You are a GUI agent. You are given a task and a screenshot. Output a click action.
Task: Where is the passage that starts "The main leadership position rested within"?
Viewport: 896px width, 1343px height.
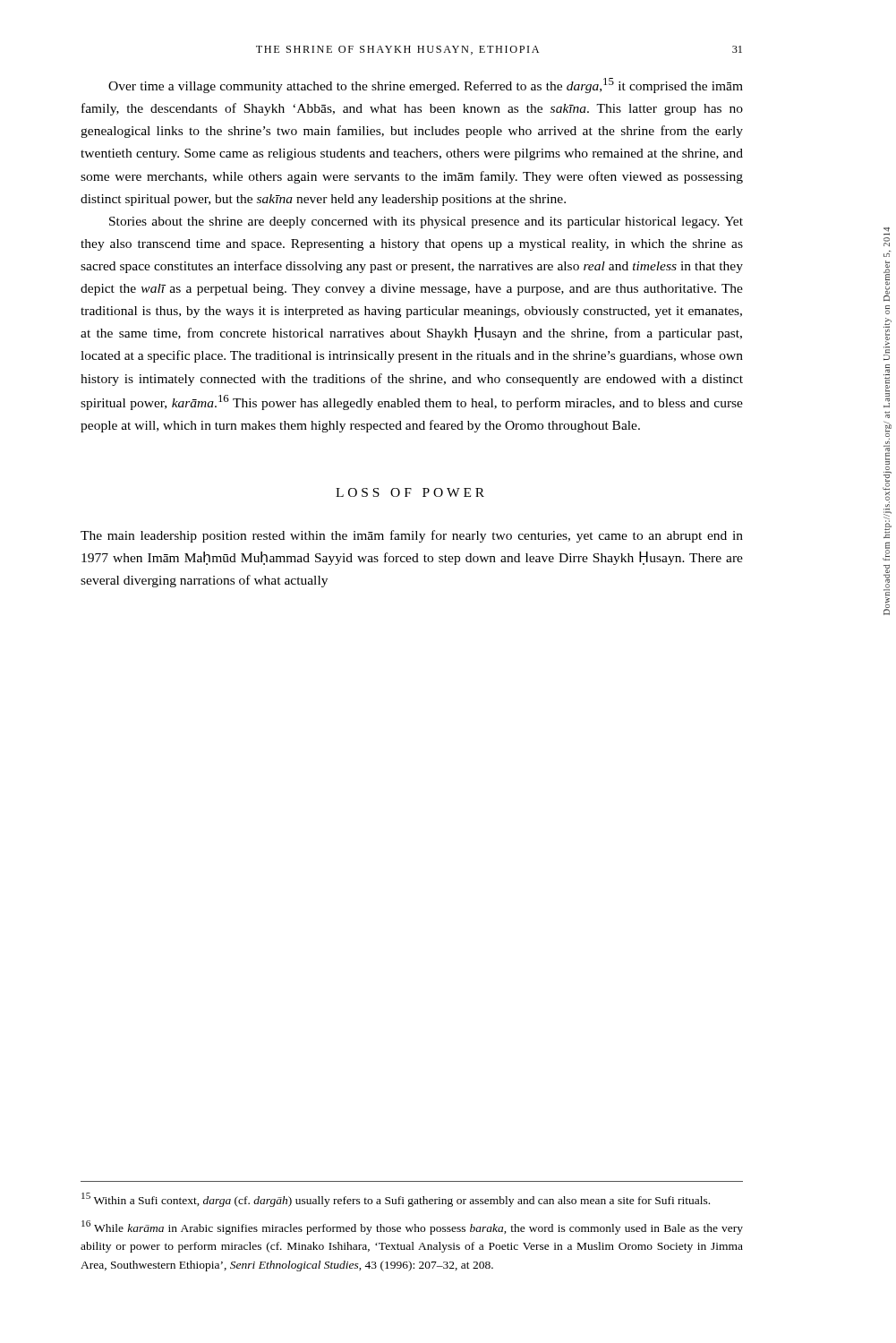click(412, 557)
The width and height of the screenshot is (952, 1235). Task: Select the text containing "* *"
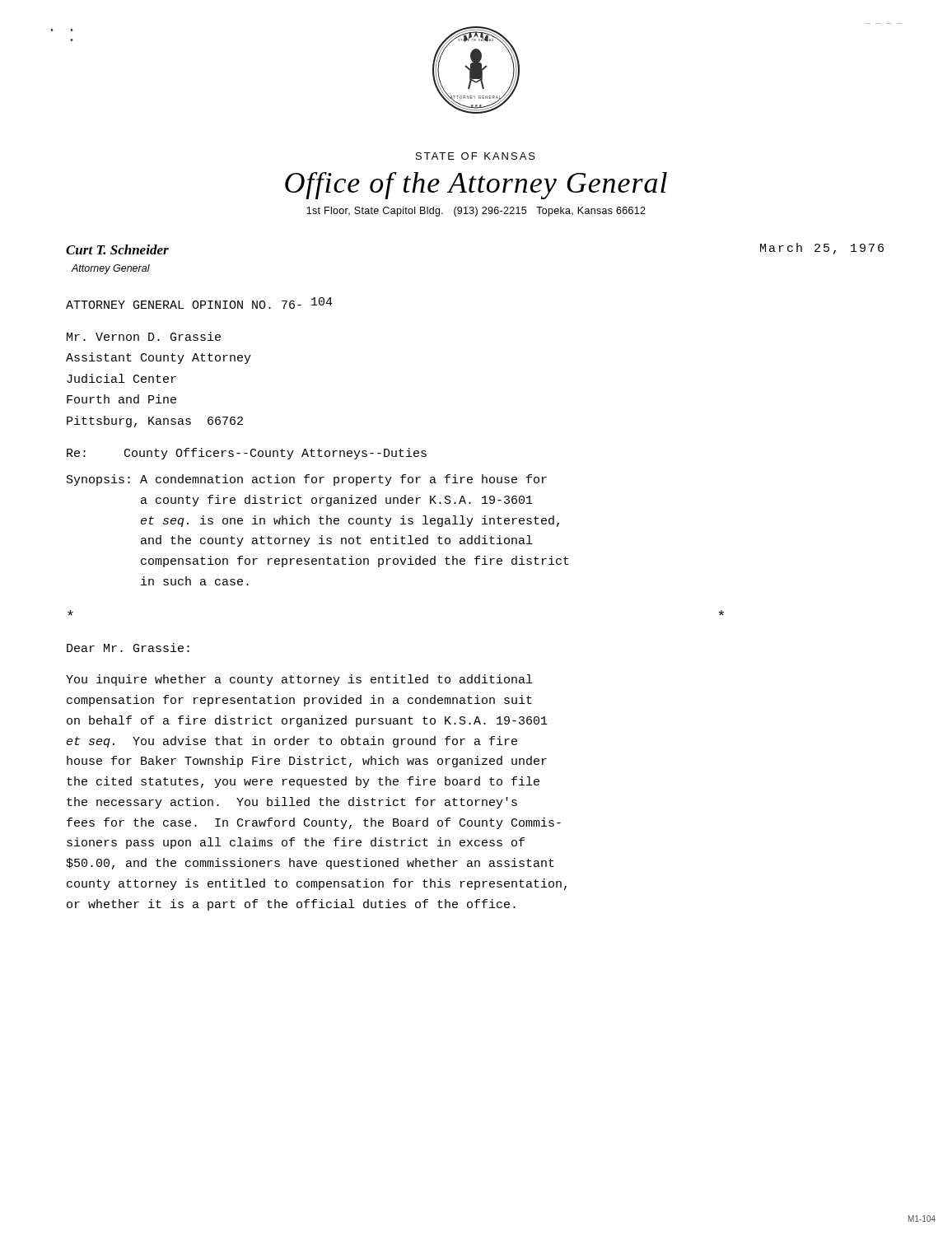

About this task -
Your answer must be an exact repeat of the records above, with no pictures in it.

Answer area -
You are a GUI agent. You are given a task and a screenshot. Output a click action.
Task: Where is the passage that starts "The main leadership position rested within"?
Viewport: 896px width, 1343px height.
click(412, 557)
The width and height of the screenshot is (952, 1235). Task: Select the text containing "* *"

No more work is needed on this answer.